The union’s current account deficit will gradually narrow over the medium term, but remain higher than those of regional peers. Curaçao’s current account deficit will improve slightly as tourism receipts increase and construction-related imports decline.

In St. Maarten, lower exports and higher construction imports will keep the current account deficit in double digits as a share of GDP in 2018–2020. Official reserves will stabilise at about four months of imports, in line with regional peers.

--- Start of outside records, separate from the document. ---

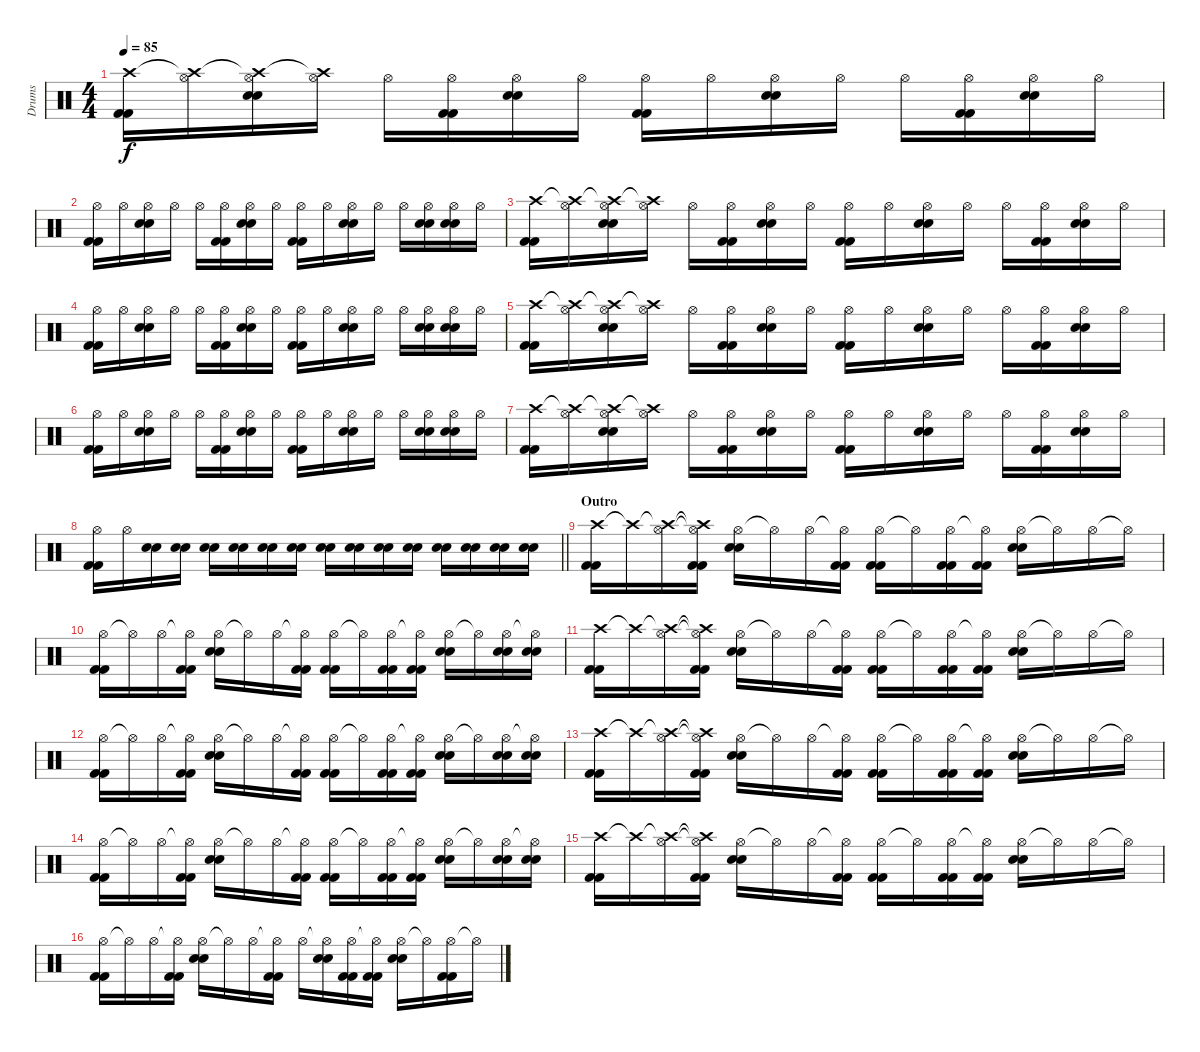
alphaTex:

\track ("Drums" "Drums") {instrument percussion}
\staff {score}
\articulation defaults
\ts (4 4)
\tempo 85
\clef neutral
\ks c
("Crash high (hit)" "Kick (hit) 2" "Kick (hit) 2").16{dy f} ("Crash high (hit)"{t} "Hi-Hat (open)").16 ("Crash high (hit)"{t} "Hi-Hat (open)" "Snare (hit) 2" "Snare (hit) 2").16 ("Crash high (hit)"{t} "Hi-Hat (open)").16 "Hi-Hat (open)".16 ("Hi-Hat (open)" "Kick (hit) 2" "Kick (hit) 2").16 ("Hi-Hat (open)" "Snare (hit) 2" "Snare (hit) 2").16 "Hi-Hat (open)".16 ("Hi-Hat (open)" "Kick (hit) 2" "Kick (hit) 2").16 "Hi-Hat (open)".16 ("Hi-Hat (open)" "Snare (hit) 2" "Snare (hit) 2").16 "Hi-Hat (open)".16 "Hi-Hat (open)".16 ("Hi-Hat (open)" "Kick (hit) 2" "Kick (hit) 2").16 ("Hi-Hat (open)" "Snare (hit) 2" "Snare (hit) 2").16 "Hi-Hat (open)".16 |
("Hi-Hat (open)" "Kick (hit) 2" "Kick (hit) 2").16 "Hi-Hat (open)".16 ("Hi-Hat (open)" "Snare (hit) 2" "Snare (hit) 2").16 "Hi-Hat (open)".16 "Hi-Hat (open)".16 ("Hi-Hat (open)" "Kick (hit) 2" "Kick (hit) 2").16 ("Hi-Hat (open)" "Snare (hit) 2" "Snare (hit) 2").16 "Hi-Hat (open)".16 ("Hi-Hat (open)" "Kick (hit) 2" "Kick (hit) 2").16 "Hi-Hat (open)".16 ("Hi-Hat (open)" "Snare (hit) 2" "Snare (hit) 2").16 "Hi-Hat (open)".16 "Hi-Hat (open)".16 ("Hi-Hat (open)" "Snare (hit) 2" "Snare (hit) 2").16 ("Hi-Hat (open)" "Snare (hit) 2" "Snare (hit) 2").16 "Hi-Hat (open)".16 |
("Crash high (hit)" "Kick (hit) 2" "Kick (hit) 2").16 ("Crash high (hit)"{t} "Hi-Hat (open)").16 ("Crash high (hit)"{t} "Hi-Hat (open)" "Snare (hit) 2" "Snare (hit) 2").16 ("Crash high (hit)"{t} "Hi-Hat (open)").16 "Hi-Hat (open)".16 ("Hi-Hat (open)" "Kick (hit) 2" "Kick (hit) 2").16 ("Hi-Hat (open)" "Snare (hit) 2" "Snare (hit) 2").16 "Hi-Hat (open)".16 ("Hi-Hat (open)" "Kick (hit) 2" "Kick (hit) 2").16 "Hi-Hat (open)".16 ("Hi-Hat (open)" "Snare (hit) 2" "Snare (hit) 2").16 "Hi-Hat (open)".16 "Hi-Hat (open)".16 ("Hi-Hat (open)" "Kick (hit) 2" "Kick (hit) 2").16 ("Hi-Hat (open)" "Snare (hit) 2" "Snare (hit) 2").16 "Hi-Hat (open)".16 |
("Hi-Hat (open)" "Kick (hit) 2" "Kick (hit) 2").16 "Hi-Hat (open)".16 ("Hi-Hat (open)" "Snare (hit) 2" "Snare (hit) 2").16 "Hi-Hat (open)".16 "Hi-Hat (open)".16 ("Hi-Hat (open)" "Kick (hit) 2" "Kick (hit) 2").16 ("Hi-Hat (open)" "Snare (hit) 2" "Snare (hit) 2").16 "Hi-Hat (open)".16 ("Hi-Hat (open)" "Kick (hit) 2" "Kick (hit) 2").16 "Hi-Hat (open)".16 ("Hi-Hat (open)" "Snare (hit) 2" "Snare (hit) 2").16 "Hi-Hat (open)".16 "Hi-Hat (open)".16 ("Hi-Hat (open)" "Snare (hit) 2" "Snare (hit) 2").16 ("Hi-Hat (open)" "Snare (hit) 2" "Snare (hit) 2").16 "Hi-Hat (open)".16 |
("Crash high (hit)" "Kick (hit) 2" "Kick (hit) 2").16 ("Crash high (hit)"{t} "Hi-Hat (open)").16 ("Crash high (hit)"{t} "Hi-Hat (open)" "Snare (hit) 2" "Snare (hit) 2").16 ("Crash high (hit)"{t} "Hi-Hat (open)").16 "Hi-Hat (open)".16 ("Hi-Hat (open)" "Kick (hit) 2" "Kick (hit) 2").16 ("Hi-Hat (open)" "Snare (hit) 2" "Snare (hit) 2").16 "Hi-Hat (open)".16 ("Hi-Hat (open)" "Kick (hit) 2" "Kick (hit) 2").16 "Hi-Hat (open)".16 ("Hi-Hat (open)" "Snare (hit) 2" "Snare (hit) 2").16 "Hi-Hat (open)".16 "Hi-Hat (open)".16 ("Hi-Hat (open)" "Kick (hit) 2" "Kick (hit) 2").16 ("Hi-Hat (open)" "Snare (hit) 2" "Snare (hit) 2").16 "Hi-Hat (open)".16 |
("Hi-Hat (open)" "Kick (hit) 2" "Kick (hit) 2").16 "Hi-Hat (open)".16 ("Hi-Hat (open)" "Snare (hit) 2" "Snare (hit) 2").16 "Hi-Hat (open)".16 "Hi-Hat (open)".16 ("Hi-Hat (open)" "Kick (hit) 2" "Kick (hit) 2").16 ("Hi-Hat (open)" "Snare (hit) 2" "Snare (hit) 2").16 "Hi-Hat (open)".16 ("Hi-Hat (open)" "Kick (hit) 2" "Kick (hit) 2").16 "Hi-Hat (open)".16 ("Hi-Hat (open)" "Snare (hit) 2" "Snare (hit) 2").16 "Hi-Hat (open)".16 "Hi-Hat (open)".16 ("Hi-Hat (open)" "Snare (hit) 2" "Snare (hit) 2").16 ("Hi-Hat (open)" "Snare (hit) 2" "Snare (hit) 2").16 "Hi-Hat (open)".16 |
("Crash high (hit)" "Kick (hit) 2" "Kick (hit) 2").16 ("Crash high (hit)"{t} "Hi-Hat (open)").16 ("Crash high (hit)"{t} "Hi-Hat (open)" "Snare (hit) 2" "Snare (hit) 2").16 ("Crash high (hit)"{t} "Hi-Hat (open)").16 "Hi-Hat (open)".16 ("Hi-Hat (open)" "Kick (hit) 2" "Kick (hit) 2").16 ("Hi-Hat (open)" "Snare (hit) 2" "Snare (hit) 2").16 "Hi-Hat (open)".16 ("Hi-Hat (open)" "Kick (hit) 2" "Kick (hit) 2").16 "Hi-Hat (open)".16 ("Hi-Hat (open)" "Snare (hit) 2" "Snare (hit) 2").16 "Hi-Hat (open)".16 "Hi-Hat (open)".16 ("Hi-Hat (open)" "Kick (hit) 2" "Kick (hit) 2").16 ("Hi-Hat (open)" "Snare (hit) 2" "Snare (hit) 2").16 "Hi-Hat (open)".16 |
\barLineRight lightlight
("Hi-Hat (open)" "Kick (hit) 2" "Kick (hit) 2").16 "Hi-Hat (open)".16 ("Snare (hit) 2" "Snare (hit) 2").16 ("Snare (hit) 2" "Snare (hit) 2").16 ("Snare (hit) 2" "Snare (hit) 2").16 ("Snare (hit) 2" "Snare (hit) 2").16 ("Snare (hit) 2" "Snare (hit) 2").16 ("Snare (hit) 2" "Snare (hit) 2").16 ("Snare (hit) 2" "Snare (hit) 2").16 ("Snare (hit) 2" "Snare (hit) 2").16 ("Snare (hit) 2" "Snare (hit) 2").16 ("Snare (hit) 2" "Snare (hit) 2").16 ("Snare (hit) 2" "Snare (hit) 2").16 ("Snare (hit) 2" "Snare (hit) 2").16 ("Snare (hit) 2" "Snare (hit) 2").16 ("Snare (hit) 2" "Snare (hit) 2").16 |
\section ("" "Outro")
("Crash high (hit)" "Kick (hit) 2" "Kick (hit) 2").16 "Crash high (hit)"{t}.16 ("Crash high (hit)"{t} "Hi-Hat (open)").16 ("Crash high (hit)"{t} "Hi-Hat (open)"{t} "Kick (hit) 2" "Kick (hit) 2").16 ("Hi-Hat (open)" "Snare (hit) 2" "Snare (hit) 2").16 "Hi-Hat (open)"{t}.16 "Hi-Hat (open)".16 ("Hi-Hat (open)"{t} "Kick (hit) 2" "Kick (hit) 2").16 ("Hi-Hat (open)" "Kick (hit) 2" "Kick (hit) 2").16 "Hi-Hat (open)"{t}.16 ("Hi-Hat (open)" "Kick (hit) 2" "Kick (hit) 2").16 ("Hi-Hat (open)"{t} "Kick (hit) 2" "Kick (hit) 2").16 ("Hi-Hat (open)" "Snare (hit) 2" "Snare (hit) 2").16 "Hi-Hat (open)"{t}.16 "Hi-Hat (open)".16 "Hi-Hat (open)"{t}.16 |
("Hi-Hat (open)" "Kick (hit) 2" "Kick (hit) 2").16 "Hi-Hat (open)"{t}.16 "Hi-Hat (open)".16 ("Hi-Hat (open)"{t} "Kick (hit) 2" "Kick (hit) 2").16 ("Hi-Hat (open)" "Snare (hit) 2" "Snare (hit) 2").16 "Hi-Hat (open)"{t}.16 "Hi-Hat (open)".16 ("Hi-Hat (open)"{t} "Kick (hit) 2" "Kick (hit) 2").16 ("Hi-Hat (open)" "Kick (hit) 2" "Kick (hit) 2").16 "Hi-Hat (open)"{t}.16 ("Hi-Hat (open)" "Kick (hit) 2" "Kick (hit) 2").16 ("Hi-Hat (open)"{t} "Kick (hit) 2" "Kick (hit) 2").16 ("Hi-Hat (open)" "Snare (hit) 2" "Snare (hit) 2").16 "Hi-Hat (open)"{t}.16 ("Hi-Hat (open)" "Snare (hit) 2" "Snare (hit) 2").16 ("Hi-Hat (open)"{t} "Snare (hit) 2" "Snare (hit) 2").16 |
("Crash high (hit)" "Kick (hit) 2" "Kick (hit) 2").16 "Crash high (hit)"{t}.16 ("Crash high (hit)"{t} "Hi-Hat (open)").16 ("Crash high (hit)"{t} "Hi-Hat (open)"{t} "Kick (hit) 2" "Kick (hit) 2").16 ("Hi-Hat (open)" "Snare (hit) 2" "Snare (hit) 2").16 "Hi-Hat (open)"{t}.16 "Hi-Hat (open)".16 ("Hi-Hat (open)"{t} "Kick (hit) 2" "Kick (hit) 2").16 ("Hi-Hat (open)" "Kick (hit) 2" "Kick (hit) 2").16 "Hi-Hat (open)"{t}.16 ("Hi-Hat (open)" "Kick (hit) 2" "Kick (hit) 2").16 ("Hi-Hat (open)"{t} "Kick (hit) 2" "Kick (hit) 2").16 ("Hi-Hat (open)" "Snare (hit) 2" "Snare (hit) 2").16 "Hi-Hat (open)"{t}.16 "Hi-Hat (open)".16 "Hi-Hat (open)"{t}.16 |
("Hi-Hat (open)" "Kick (hit) 2" "Kick (hit) 2").16 "Hi-Hat (open)"{t}.16 "Hi-Hat (open)".16 ("Hi-Hat (open)"{t} "Kick (hit) 2" "Kick (hit) 2").16 ("Hi-Hat (open)" "Snare (hit) 2" "Snare (hit) 2").16 "Hi-Hat (open)"{t}.16 "Hi-Hat (open)".16 ("Hi-Hat (open)"{t} "Kick (hit) 2" "Kick (hit) 2").16 ("Hi-Hat (open)" "Kick (hit) 2" "Kick (hit) 2").16 "Hi-Hat (open)"{t}.16 ("Hi-Hat (open)" "Kick (hit) 2" "Kick (hit) 2").16 ("Hi-Hat (open)"{t} "Kick (hit) 2" "Kick (hit) 2").16 ("Hi-Hat (open)" "Snare (hit) 2" "Snare (hit) 2").16 "Hi-Hat (open)"{t}.16 ("Hi-Hat (open)" "Snare (hit) 2" "Snare (hit) 2").16 ("Hi-Hat (open)"{t} "Snare (hit) 2" "Snare (hit) 2").16 |
("Crash high (hit)" "Kick (hit) 2" "Kick (hit) 2").16 "Crash high (hit)"{t}.16 ("Crash high (hit)"{t} "Hi-Hat (open)").16 ("Crash high (hit)"{t} "Hi-Hat (open)"{t} "Kick (hit) 2" "Kick (hit) 2").16 ("Hi-Hat (open)" "Snare (hit) 2" "Snare (hit) 2").16 "Hi-Hat (open)"{t}.16 "Hi-Hat (open)".16 ("Hi-Hat (open)"{t} "Kick (hit) 2" "Kick (hit) 2").16 ("Hi-Hat (open)" "Kick (hit) 2" "Kick (hit) 2").16 "Hi-Hat (open)"{t}.16 ("Hi-Hat (open)" "Kick (hit) 2" "Kick (hit) 2").16 ("Hi-Hat (open)"{t} "Kick (hit) 2" "Kick (hit) 2").16 ("Hi-Hat (open)" "Snare (hit) 2" "Snare (hit) 2").16 "Hi-Hat (open)"{t}.16 "Hi-Hat (open)".16 "Hi-Hat (open)"{t}.16 |
("Hi-Hat (open)" "Kick (hit) 2" "Kick (hit) 2").16 "Hi-Hat (open)"{t}.16 "Hi-Hat (open)".16 ("Hi-Hat (open)"{t} "Kick (hit) 2" "Kick (hit) 2").16 ("Hi-Hat (open)" "Snare (hit) 2" "Snare (hit) 2").16 "Hi-Hat (open)"{t}.16 "Hi-Hat (open)".16 ("Hi-Hat (open)"{t} "Kick (hit) 2" "Kick (hit) 2").16 ("Hi-Hat (open)" "Kick (hit) 2" "Kick (hit) 2").16 "Hi-Hat (open)"{t}.16 ("Hi-Hat (open)" "Kick (hit) 2" "Kick (hit) 2").16 ("Hi-Hat (open)"{t} "Kick (hit) 2" "Kick (hit) 2").16 ("Hi-Hat (open)" "Snare (hit) 2" "Snare (hit) 2").16 "Hi-Hat (open)"{t}.16 ("Hi-Hat (open)" "Snare (hit) 2" "Snare (hit) 2").16 ("Hi-Hat (open)"{t} "Snare (hit) 2" "Snare (hit) 2").16 |
("Crash high (hit)" "Kick (hit) 2" "Kick (hit) 2").16 "Crash high (hit)"{t}.16 ("Crash high (hit)"{t} "Hi-Hat (open)").16 ("Crash high (hit)"{t} "Hi-Hat (open)"{t} "Kick (hit) 2" "Kick (hit) 2").16 ("Hi-Hat (open)" "Snare (hit) 2" "Snare (hit) 2").16 "Hi-Hat (open)"{t}.16 "Hi-Hat (open)".16 ("Hi-Hat (open)"{t} "Kick (hit) 2" "Kick (hit) 2").16 ("Hi-Hat (open)" "Kick (hit) 2" "Kick (hit) 2").16 "Hi-Hat (open)"{t}.16 ("Hi-Hat (open)" "Kick (hit) 2" "Kick (hit) 2").16 ("Hi-Hat (open)"{t} "Kick (hit) 2" "Kick (hit) 2").16 ("Hi-Hat (open)" "Snare (hit) 2" "Snare (hit) 2").16 "Hi-Hat (open)"{t}.16 "Hi-Hat (open)".16 "Hi-Hat (open)"{t}.16 |
("Hi-Hat (open)" "Kick (hit) 2" "Kick (hit) 2").16 "Hi-Hat (open)"{t}.16 "Hi-Hat (open)".16 ("Hi-Hat (open)"{t} "Kick (hit) 2" "Kick (hit) 2").16 ("Hi-Hat (open)" "Snare (hit) 2" "Snare (hit) 2").16 "Hi-Hat (open)"{t}.16 "Hi-Hat (open)".16 ("Hi-Hat (open)"{t} "Kick (hit) 2" "Kick (hit) 2").16 "Hi-Hat (open)".16 ("Hi-Hat (open)"{t} "Snare (hit) 2" "Snare (hit) 2").16 ("Hi-Hat (open)" "Kick (hit) 2" "Kick (hit) 2").16 ("Hi-Hat (open)"{t} "Kick (hit) 2" "Kick (hit) 2").16 ("Hi-Hat (open)" "Snare (hit) 2" "Snare (hit) 2").16 "Hi-Hat (open)"{t}.16 ("Hi-Hat (open)" "Kick (hit) 2" "Kick (hit) 2").16 "Hi-Hat (open)"{t}.16

Risks to the outlook are mainly on the downside, said IMF. Weaker-than-expected global growth could curb tourism demand.

A stronger U.S. dollar could negatively impact the islands’ competitiveness vis-à-vis non-U.S. tourist markets. The high current account deficit, especially if it widens further, poses a risk to external stability.

Slow progress in strengthening financial sector oversight, Anti-Money Laundering and Countering Financing of Terrorism (AML/CFT) frameworks, and central bank governance could lead to further losses of correspondent banking relationships (CBRs).

While a continuing crisis in Venezuela is the main risk for Curaçao, hurricanes remain a major risk for St. Maarten.

On the upside, quickly finding a strategic partner for the refinery could boost growth and investment in Curaçao, while availability of additional resources and faster implementation within well-defined priorities could speed up St. Maarten’s recovery and raise growth.